- [Work order]: Reproduce each line of the entries that carries "median".

- [The data]:

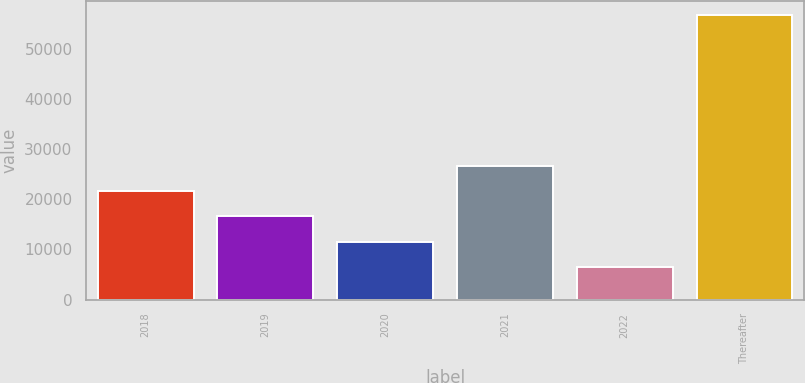<chart> <loc_0><loc_0><loc_500><loc_500><bar_chart><fcel>2018<fcel>2019<fcel>2020<fcel>2021<fcel>2022<fcel>Thereafter<nl><fcel>21635<fcel>16602<fcel>11569<fcel>26668<fcel>6536<fcel>56866<nl></chart> 
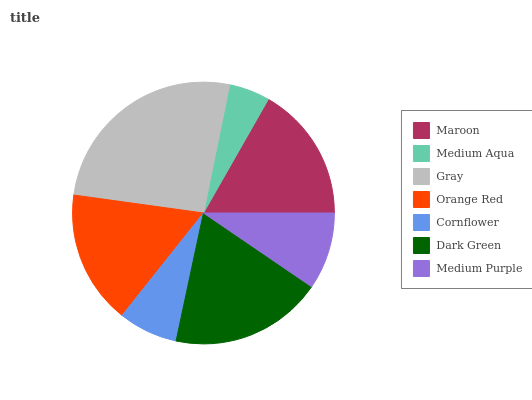Is Medium Aqua the minimum?
Answer yes or no. Yes. Is Gray the maximum?
Answer yes or no. Yes. Is Gray the minimum?
Answer yes or no. No. Is Medium Aqua the maximum?
Answer yes or no. No. Is Gray greater than Medium Aqua?
Answer yes or no. Yes. Is Medium Aqua less than Gray?
Answer yes or no. Yes. Is Medium Aqua greater than Gray?
Answer yes or no. No. Is Gray less than Medium Aqua?
Answer yes or no. No. Is Orange Red the high median?
Answer yes or no. Yes. Is Orange Red the low median?
Answer yes or no. Yes. Is Medium Aqua the high median?
Answer yes or no. No. Is Cornflower the low median?
Answer yes or no. No.

- [Exercise solution]:
Answer yes or no. No. Is Orange Red the high median?
Answer yes or no. Yes. Is Orange Red the low median?
Answer yes or no. Yes. Is Medium Aqua the high median?
Answer yes or no. No. Is Cornflower the low median?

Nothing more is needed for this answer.